Fed minutes buoy market sentiment
Talk of accommodating a modest overshoot of inflation provides comfort to risk asset markets - despite mixed news on Covid-19
Markets soothed by Fed minutes
Minutes from the last FOMC meeting have provided risk-asset markets with further grounds to rally, not that they seem to require much these days. The gist of the remarks that they seem to like are two-fold:
The Fed is in no hurry to change rates, even if inflation hits its 2% target since the length of current undershoot needs some compensation with a modest overshoot.
The repo purchases will continue into 2Q20, though they will at some stage slow from the current $60bn per month rate
So it looks like to keep markets happy, you don't have to provide liquidity at a faster rate, or cut rates, just indicate that you aren't going to take the liquidity injections away, or raise rates.
If I was worried about the value of my investments (and I am), I would say that for the rest of the year, they will probably continue to be supported by this sort of logic.
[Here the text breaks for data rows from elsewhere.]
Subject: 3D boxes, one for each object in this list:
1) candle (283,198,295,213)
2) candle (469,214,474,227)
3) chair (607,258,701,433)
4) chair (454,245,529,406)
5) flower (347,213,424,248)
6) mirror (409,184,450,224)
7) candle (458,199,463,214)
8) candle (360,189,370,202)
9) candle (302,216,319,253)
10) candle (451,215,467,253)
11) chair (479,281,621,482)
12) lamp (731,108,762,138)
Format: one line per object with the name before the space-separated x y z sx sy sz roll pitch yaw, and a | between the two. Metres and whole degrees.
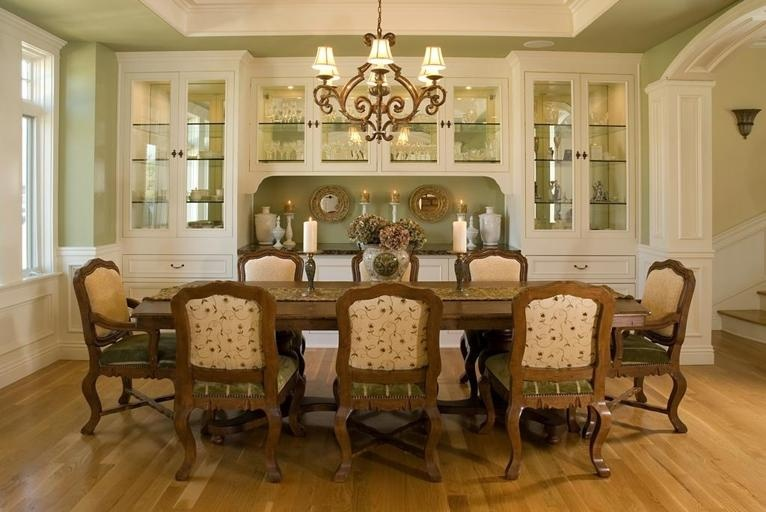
candle | -1.084 -0.583 6.767 0.131 0.153 0.126 -2 6 -9
candle | 1.013 -0.423 6.788 0.061 0.130 0.185 0 6 8
chair | 1.970 0.686 4.855 1.029 1.300 0.965 0 6 18
chair | 0.953 0.439 5.115 0.669 1.089 0.762 -2 -8 27
flower | 0.027 -0.189 4.708 0.391 0.178 0.349 1 2 11
mirror | 0.533 -0.627 6.782 0.674 0.574 0.068 1 5 0
candle | 0.904 -0.584 6.782 0.068 0.154 0.120 0 6 7
candle | -0.201 -0.696 6.737 0.125 0.192 0.119 1 2 7
candle | -0.579 -0.151 4.657 0.084 0.253 0.050 0 7 7
candle | 0.599 -0.147 4.604 0.090 0.252 0.107 -1 7 -3
chair | 1.167 0.812 4.174 0.753 1.339 0.512 -1 7 -3
lamp | 4.259 -1.560 6.989 0.359 0.333 0.341 0 3 -6

Next year though? If we are rid of epidemic issues, if there is no return to the trade war escalation, if 5G spurs a resumption of business investment and economic activity, and inflation, if not bursting through targets, no longer justifies emergency rates, then I worry.
RBNZ
The Reserve Bank of New Zealand (RBNZ) Governor, Adrian Orr, gave a fairly upbeat view of the New Zealand economy yesterday, adding some weight to our near-term preference for the NZD over the AUD, despite indications that both units have scope to appreciate over the medium term.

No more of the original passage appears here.